Data extracts:

..........

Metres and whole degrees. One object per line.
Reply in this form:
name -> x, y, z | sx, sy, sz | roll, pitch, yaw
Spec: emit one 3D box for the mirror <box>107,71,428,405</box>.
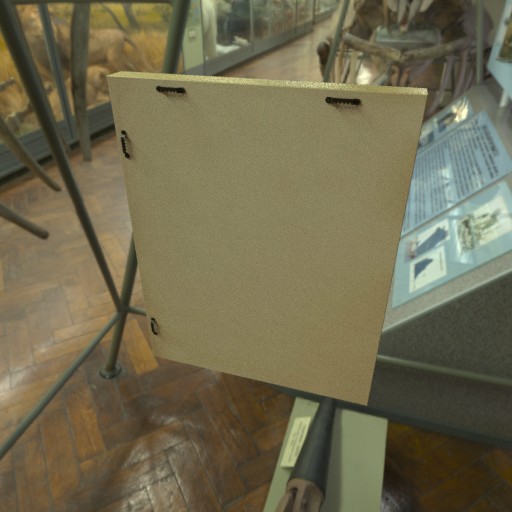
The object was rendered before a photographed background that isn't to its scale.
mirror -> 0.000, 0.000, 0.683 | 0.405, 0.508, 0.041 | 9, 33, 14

..........

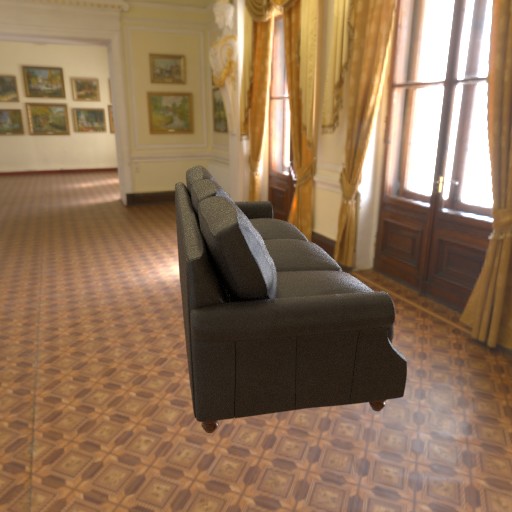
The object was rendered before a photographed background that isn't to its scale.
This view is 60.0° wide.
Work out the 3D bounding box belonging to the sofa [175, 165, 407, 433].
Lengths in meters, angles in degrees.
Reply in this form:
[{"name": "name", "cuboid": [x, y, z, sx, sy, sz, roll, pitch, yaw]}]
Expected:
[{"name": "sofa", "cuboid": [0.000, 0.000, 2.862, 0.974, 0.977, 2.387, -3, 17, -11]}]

..........

Work instructions: From the material above, copy each line that includes the word "pitch".

Solution to this task:
name -> x, y, z | sx, sy, sz | roll, pitch, yaw
[{"name": "name", "cuboid": [x, y, z, sx, sy, sz, roll, pitch, yaw]}]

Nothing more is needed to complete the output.